The thought of ringing her dad and explaining that the werewolf was still alive wasn’t something she particularly wanted to do.
Altair picked his way through the trees, following Jacques’ lead as Katana lost herself to her only options; calling her dad, being shouted at and told to come home, or not calling her dad and finding something new and ground-breaking.
Katana grinned. She had a lot of ground to cover to catch up with her brothers and be held in the same high regard as they were.
Brogan, her eldest brother, had been specifically asked for by the Met. Whilst she carried the required happiness for her sibling’s success, she also harboured a deep seated jealousy—after all, that could have been her if her father hadn’t held her back for so many years.
Jacques stopped and turned to her, sighing. “May I suggest an inspection of the crime scene?”
“For what reason, Jacques? Dad is sending me a new case.”
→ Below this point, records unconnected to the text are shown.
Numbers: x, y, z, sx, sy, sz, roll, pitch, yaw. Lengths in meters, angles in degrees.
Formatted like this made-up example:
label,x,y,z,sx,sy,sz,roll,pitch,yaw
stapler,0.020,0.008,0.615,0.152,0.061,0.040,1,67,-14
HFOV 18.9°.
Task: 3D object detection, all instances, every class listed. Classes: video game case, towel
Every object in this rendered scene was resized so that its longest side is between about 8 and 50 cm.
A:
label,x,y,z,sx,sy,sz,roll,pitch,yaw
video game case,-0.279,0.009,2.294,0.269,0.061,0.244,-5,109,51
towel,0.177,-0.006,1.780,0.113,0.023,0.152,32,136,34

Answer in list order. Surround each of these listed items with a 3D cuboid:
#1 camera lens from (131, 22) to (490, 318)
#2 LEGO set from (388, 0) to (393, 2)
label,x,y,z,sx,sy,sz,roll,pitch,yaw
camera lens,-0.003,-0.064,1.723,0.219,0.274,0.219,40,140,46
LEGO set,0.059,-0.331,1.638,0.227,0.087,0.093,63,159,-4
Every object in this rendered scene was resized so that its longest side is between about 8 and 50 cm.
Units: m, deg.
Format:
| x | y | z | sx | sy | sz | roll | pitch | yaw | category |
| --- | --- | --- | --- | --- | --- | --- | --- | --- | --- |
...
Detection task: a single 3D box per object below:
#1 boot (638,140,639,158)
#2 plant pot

“You and I both know that you’re not going to call your dad and tell him about the latest developments and we also both know that you’re not going to leave this alone now.”
Katana lifted an eyebrow. “Really? And what makes you so sure of that?”
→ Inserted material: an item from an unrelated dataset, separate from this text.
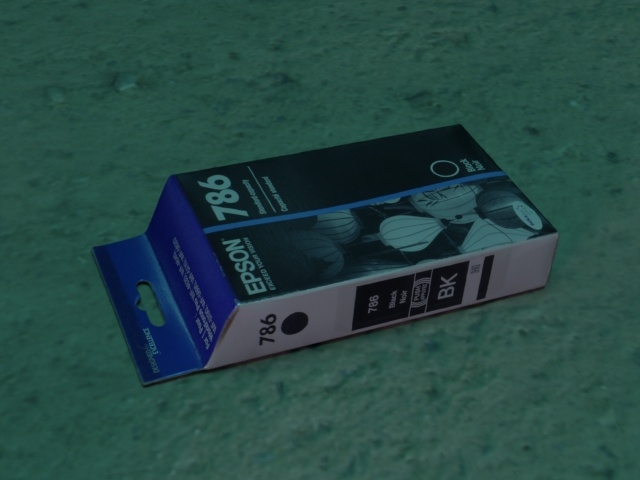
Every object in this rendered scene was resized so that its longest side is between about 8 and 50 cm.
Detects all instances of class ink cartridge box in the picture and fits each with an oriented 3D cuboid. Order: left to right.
[{"bbox_3d":[0.000,0.000,0.857,0.333,0.065,0.165,-14,43,-19],"label":"ink cartridge box"}]

“Because I know you. You’re like a damn terrier on a trouser leg when you get an idea in your head.”
“I have no ideas in my head.”
“Yes, you do. And they all involve images of grandeur and sticking two fingers up to all the males in your family.”
Katana laughed. “Ok, guilty as charged. Lead the way.”
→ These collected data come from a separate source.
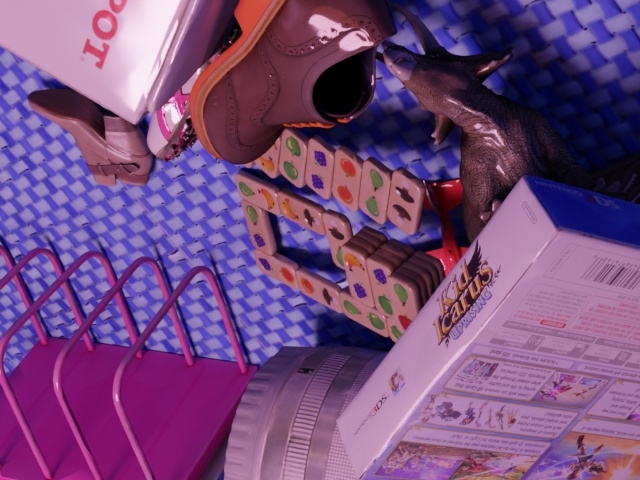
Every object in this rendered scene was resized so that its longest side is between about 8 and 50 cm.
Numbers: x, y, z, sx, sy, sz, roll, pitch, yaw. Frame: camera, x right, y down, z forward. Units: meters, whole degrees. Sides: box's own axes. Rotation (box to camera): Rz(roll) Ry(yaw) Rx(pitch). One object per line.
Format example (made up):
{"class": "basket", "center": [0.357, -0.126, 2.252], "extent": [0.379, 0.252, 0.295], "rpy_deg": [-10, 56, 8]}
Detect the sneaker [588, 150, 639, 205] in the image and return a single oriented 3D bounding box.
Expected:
{"class": "sneaker", "center": [0.225, -0.018, 0.902], "extent": [0.066, 0.071, 0.188], "rpy_deg": [39, 136, -8]}

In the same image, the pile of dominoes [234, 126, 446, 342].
{"class": "pile of dominoes", "center": [0.000, 0.000, 1.008], "extent": [0.251, 0.040, 0.196], "rpy_deg": [25, 141, 41]}

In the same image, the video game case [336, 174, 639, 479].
{"class": "video game case", "center": [0.184, 0.084, 0.861], "extent": [0.269, 0.061, 0.244], "rpy_deg": [12, 126, -32]}

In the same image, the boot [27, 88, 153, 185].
{"class": "boot", "center": [-0.211, -0.091, 1.113], "extent": [0.118, 0.042, 0.087], "rpy_deg": [15, 137, 18]}

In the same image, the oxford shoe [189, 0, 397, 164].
{"class": "oxford shoe", "center": [-0.023, -0.109, 0.869], "extent": [0.098, 0.097, 0.271], "rpy_deg": [52, 154, 8]}

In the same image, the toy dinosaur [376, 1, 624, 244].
{"class": "toy dinosaur", "center": [0.148, -0.030, 0.904], "extent": [0.121, 0.160, 0.314], "rpy_deg": [-23, 131, 4]}

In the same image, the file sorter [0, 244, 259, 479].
{"class": "file sorter", "center": [-0.249, 0.125, 1.214], "extent": [0.290, 0.202, 0.182], "rpy_deg": [5, 129, 27]}

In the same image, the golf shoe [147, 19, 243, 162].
{"class": "golf shoe", "center": [-0.112, -0.148, 0.988], "extent": [0.086, 0.067, 0.186], "rpy_deg": [34, 128, 8]}

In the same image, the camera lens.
{"class": "camera lens", "center": [0.079, 0.214, 1.088], "extent": [0.274, 0.219, 0.219], "rpy_deg": [5, 131, 26]}

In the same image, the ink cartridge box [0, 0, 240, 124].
{"class": "ink cartridge box", "center": [-0.205, -0.307, 0.786], "extent": [0.394, 0.166, 0.285], "rpy_deg": [31, 125, 2]}

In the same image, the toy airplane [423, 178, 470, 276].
{"class": "toy airplane", "center": [0.109, 0.003, 1.020], "extent": [0.151, 0.028, 0.151], "rpy_deg": [12, 131, 14]}

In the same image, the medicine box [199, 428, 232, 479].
{"class": "medicine box", "center": [-0.068, 0.351, 1.267], "extent": [0.149, 0.263, 0.289], "rpy_deg": [-18, 118, 40]}
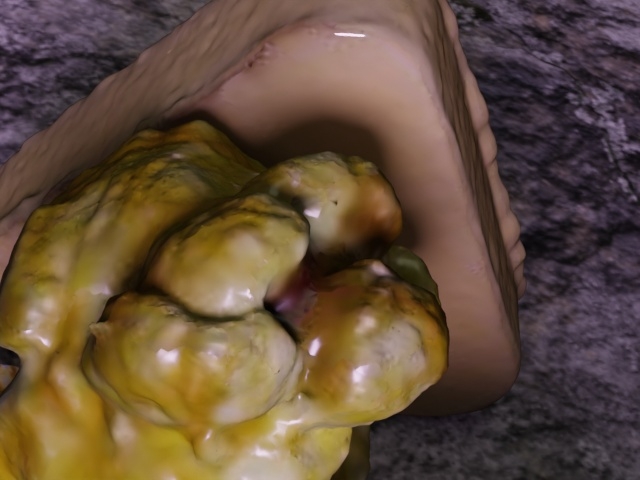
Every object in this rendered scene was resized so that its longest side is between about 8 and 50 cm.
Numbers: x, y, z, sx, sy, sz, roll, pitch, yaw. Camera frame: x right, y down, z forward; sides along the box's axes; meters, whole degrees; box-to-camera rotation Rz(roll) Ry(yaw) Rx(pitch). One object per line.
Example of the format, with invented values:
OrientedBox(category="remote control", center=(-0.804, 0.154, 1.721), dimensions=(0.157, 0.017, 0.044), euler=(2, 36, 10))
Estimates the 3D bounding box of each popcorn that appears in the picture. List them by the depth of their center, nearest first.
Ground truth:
OrientedBox(category="popcorn", center=(-0.055, 0.057, 0.964), dimensions=(0.225, 0.276, 0.276), euler=(-16, 54, -43))

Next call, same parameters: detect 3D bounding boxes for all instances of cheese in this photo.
OrientedBox(category="cheese", center=(-0.001, 0.001, 1.165), dimensions=(0.383, 0.384, 0.104), euler=(13, 49, -9))

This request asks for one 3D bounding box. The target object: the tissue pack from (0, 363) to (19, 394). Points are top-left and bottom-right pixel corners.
OrientedBox(category="tissue pack", center=(-0.215, 0.176, 1.013), dimensions=(0.183, 0.092, 0.226), euler=(11, 42, -11))

“Before I do,” said Jacques, taking a couple of steps towards her. “Can I just say I warned you not to.”
“What the hell is that supposed to mean?”
“If you pull at this thread, Katana, it’s going to unravel a whole load of dirt you really wish you didn’t know.”
When Katana registered exactly what he was meaning by this, she dismounted and walked over to him, her shoulders squared and her hands on her hips. “Are you telling me you know things that I don’t?”
Jacques dropped his eye contact to the floor. After a few seconds, he said, “There are a lot of things you don’t know. I’m merely warning you that if you chase after them, you will probably end up very lonely.”
Katana’s mouth dropped wide open. “What are you talking about?”
“I just need to say that when this all meets its sticky end—which it will—your life will never be the same again.”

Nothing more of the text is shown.